Rektor UGM Prof. dr. Ova Emilia, Ph.D., menyatakan bahwa langkah ini sejalan dengan komitmen universitas untuk melakukan hilirisasi riset yang berdampak langsung pada masyarakat.
"Melalui UGM Indosat NVAITC, kami memperluas akses terhadap infrastruktur AI canggih dan keahlian global bagi para mahasiswa dan peneliti. Inisiatif ini menyiapkan SDM yang mampu menghadapi masa depan," kata Ova.
Optimisme serupa diungkapkan oleh Dr. Dian Kesumapramudya Nurputra, Sp.A., Peneliti Utama Tim Riset eNose-TB UGM. Ia menilai infrastruktur berstandar dunia ini memangkas waktu riset secara signifikan.

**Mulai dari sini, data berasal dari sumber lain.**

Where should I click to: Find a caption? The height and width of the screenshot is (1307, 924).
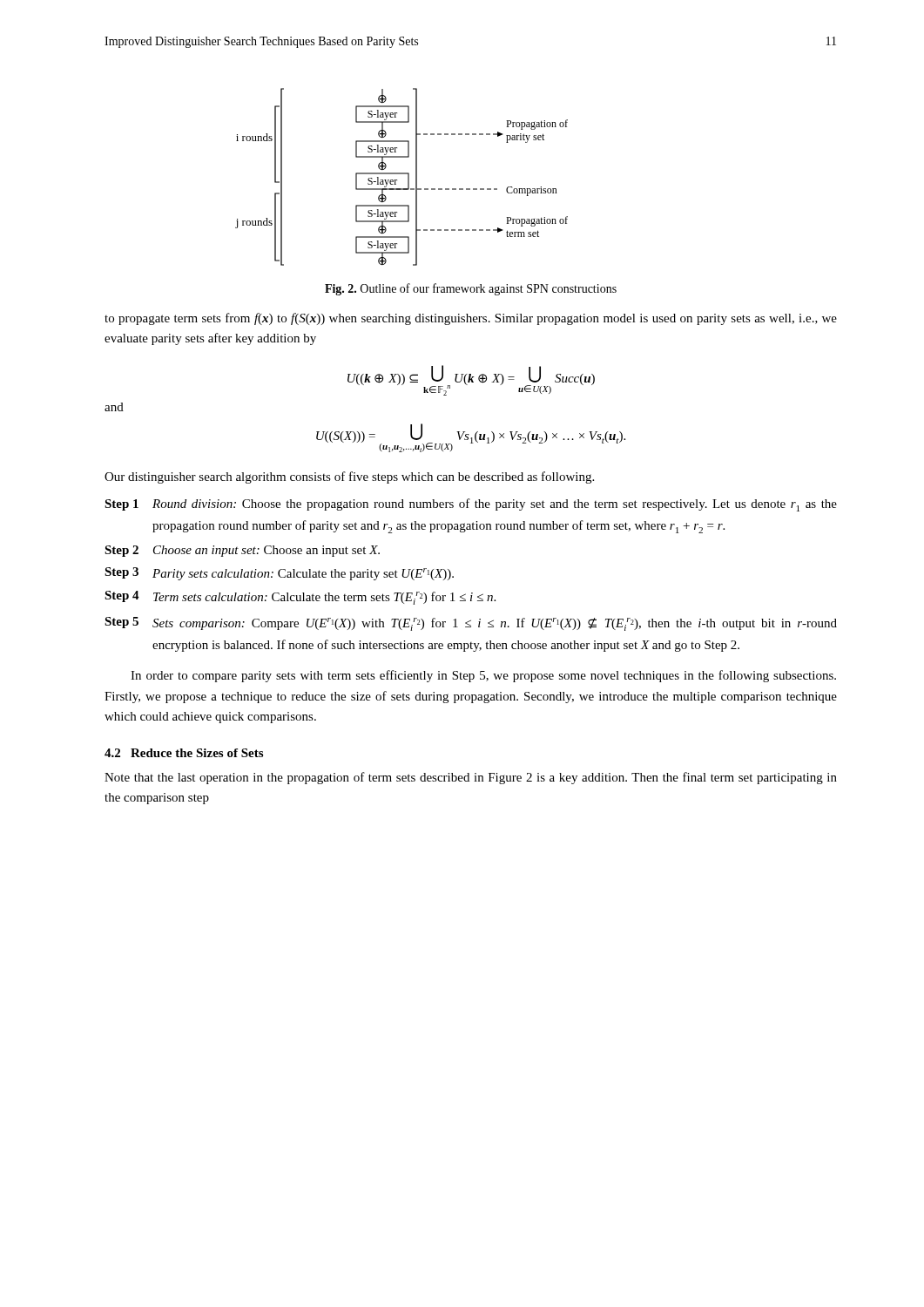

"Langkah ini membawa kami semakin dekat pada mimpi besar untuk menghadirkan teknologi kesehatan yang terjangkau dan mudah diakses, demi meningkatkan kualitas hidup masyarakat di seluruh Indonesia," ungkap Dian.
Peresmian pusat teknologi ini merupakan buah dari komitmen panjang yang diinisiasi lewat tata kelola organisasi pada Juli 2025, dilanjutkan dengan penandatanganan Letter of Intent awal 2026, hingga akhirnya resmi beroperasi penuh demi membawa semangat #LebihBaikIndosat bagi digitalisasi Indonesia.